Indeed, the road of iron put every part of the nation within days' reach of the peril.

What is the danger? "They have come by thousands to California, and though driven from the mines that Americans and Europeans deem valuable, they contrive to live and save money by working in the streams and placers which the dominant race has deserted."

Unlikely to be satisfied with gold mine leavings, this article says, the Chinese "will set eastward. The force of circumstances will push it in this direction."
Statue honoring Chinese workers, Utah Railroad Museum.

And where the Chinese go, others will suffer. "The European laborer in the East will not work for less than two or three dollars a day; but the Chinaman will work for less than a dollar."

Not only that, but the Chinaman "is frugal and patient, and as industrious as a beaver. He will live where one of the so-called superior race would starve. His food is a little rice, and he eats meat but seldom. He indulges in no dissipation; but is simple, abstinent and very economical."

One would think employers would value such people. The CPRR sure did.

"The San Francisco Times says there are Chinamen who have been on that work who are better at aligning roads than many white men who have been educated in the business, and they will strike a truer line with the unassisted eye than most white men can with the use of instruments."

And so on. In a tunnel-drilling competition between gangs of Chinese and Irishmen "bets were freely made that the white men would come out winners, but at the end of the day, when the work of each party was measured, it was found that the Chinamen had burrowed further into the rock that the others and were, moreover, less fatigued."

The presence of such workers "will inevitably work a great revolution in labor," the article notes."Works will be accomplished which, without their aid, and as labor now costs, would be left unattempted. They are adept for almost any species of labor."

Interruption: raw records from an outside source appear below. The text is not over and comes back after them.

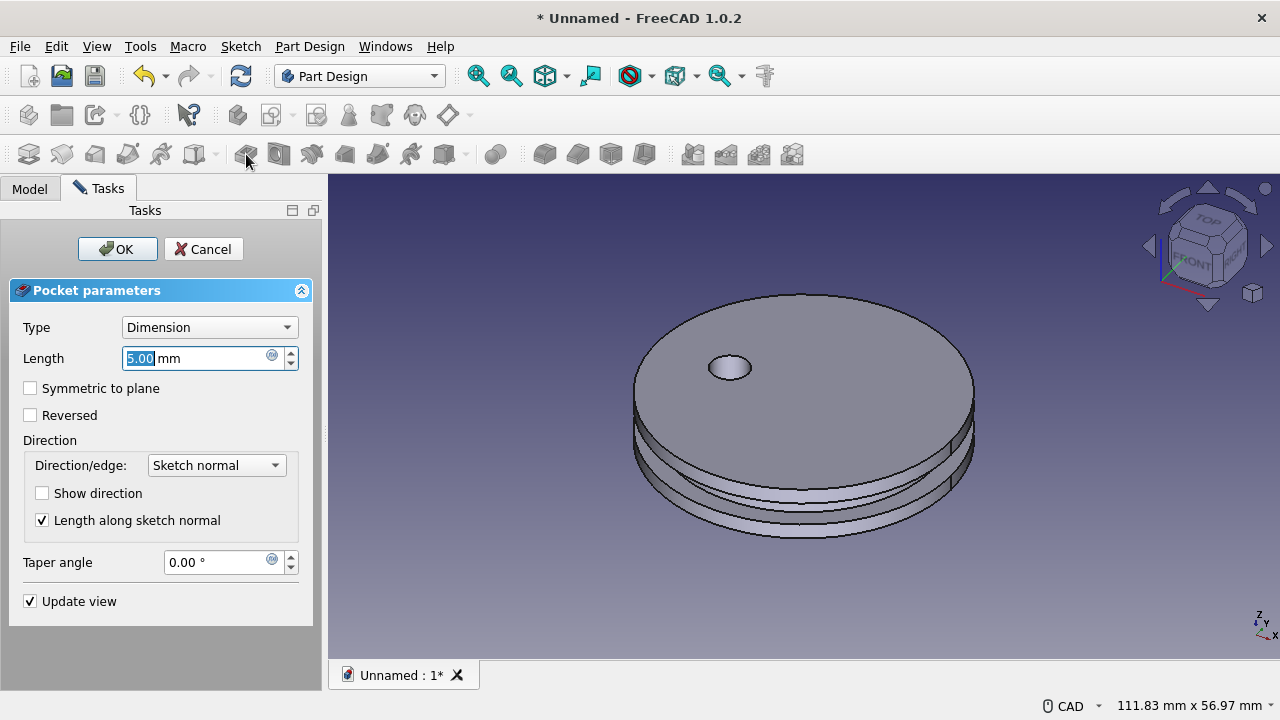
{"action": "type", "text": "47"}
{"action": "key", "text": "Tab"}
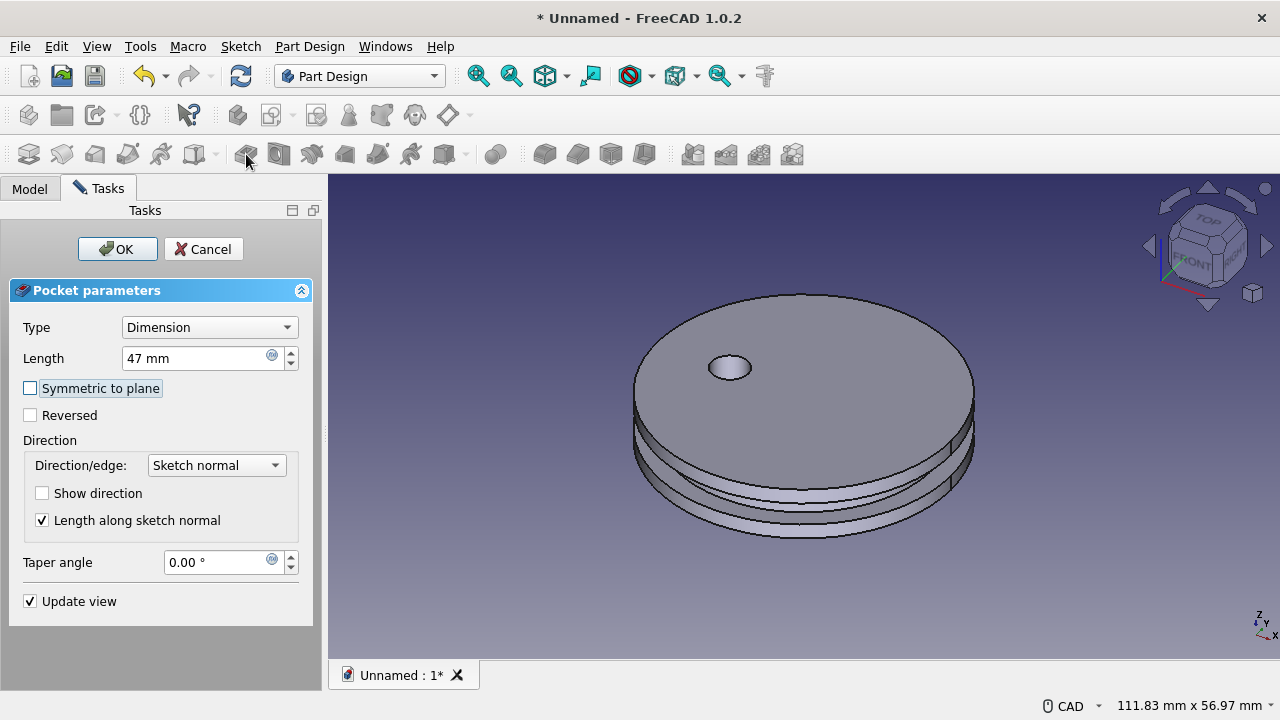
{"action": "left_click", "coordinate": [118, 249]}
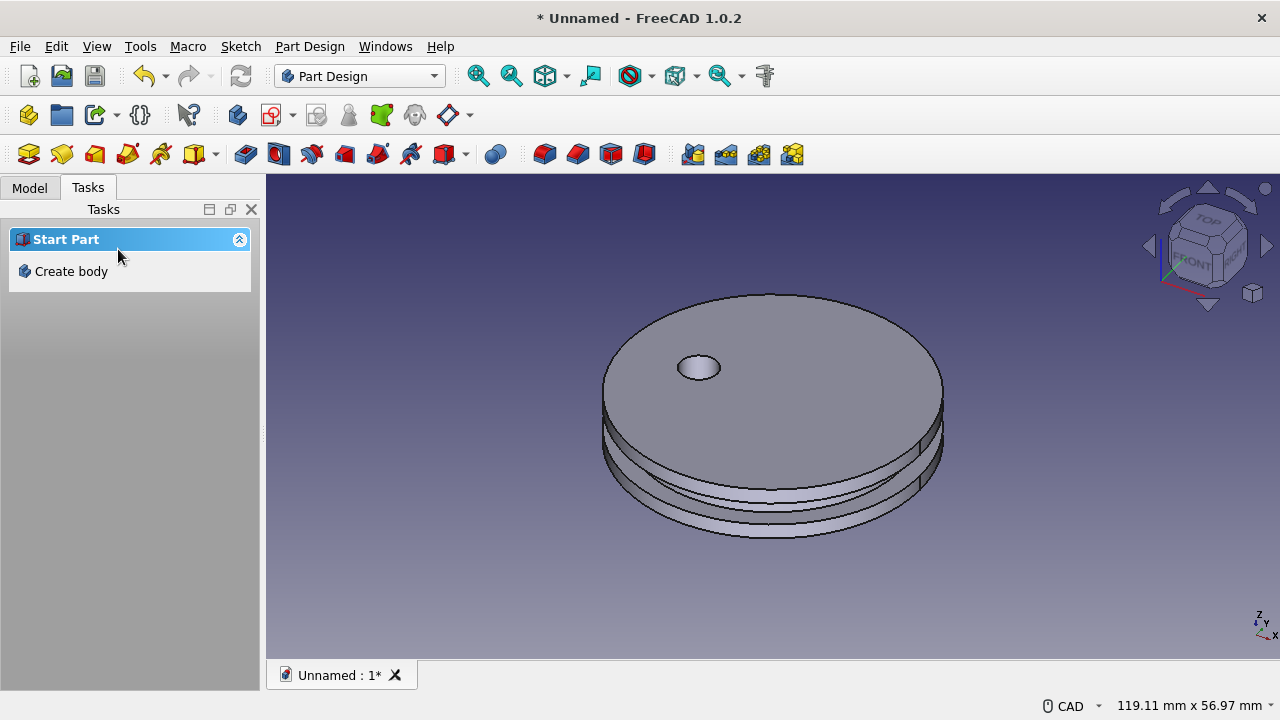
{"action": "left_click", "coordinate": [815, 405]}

And yet, the article says, politicians and governments everywhere torment and discriminate against them. "Their popularity depends upon refusing them every privilite and right which other races, however profligate and worthless members of them may be, enjoy to the fullest extent."

In California, it says, "they are chased, abused, robbed and abominably maltreated by men and boys, their terror affording only amusement, and even the dogs are set upon and taught to bite them."

The article then takes an interesting turn, also paralleling debate today.

"And yet those who thus torture this race call themselves Christian," it says, "and mock and denounce them as idolators and heathens."

Deed, not example, is the key, it says, to those who wonder why the Chinese resent the way they are treated.

"Men may prate to them about American civilization, free and enlightened institutions, the spirit of progress and advanced Christianity until doomsday, but they will fail to respect or attach any value to these high-sounding phrases and professions while they are treated like wild beasts."

The article urges this course, although it does stop short of calling for actual equality.

"These Asiatics are willing to work, and work cheap at any kind of drudgery," he says. "If the Anglo-Saxon is the superior being which he affects to be, he can with safety assume the direction of this class of laborers. He can employ them to goo advantage and, instead of living a life of drudgery himself, he can cultivate his brain and direct and manage their labor to his own and their advantage."

So it's still racially-charged, but it's being nice, not mean, and that ought to count for something.

"If he treat them kindly, and pay them honestly, he will do more to convert them to his religion and ways than years of preaching with a contrary practice would do, and he need not be afraid that their degradation, vices or barbarism will hurt him."

Folks stayed afraid.  The Chinese Exclusion Act of 1882 suspended immigration for decades. The Rock Springs massacre was, sadly, typical.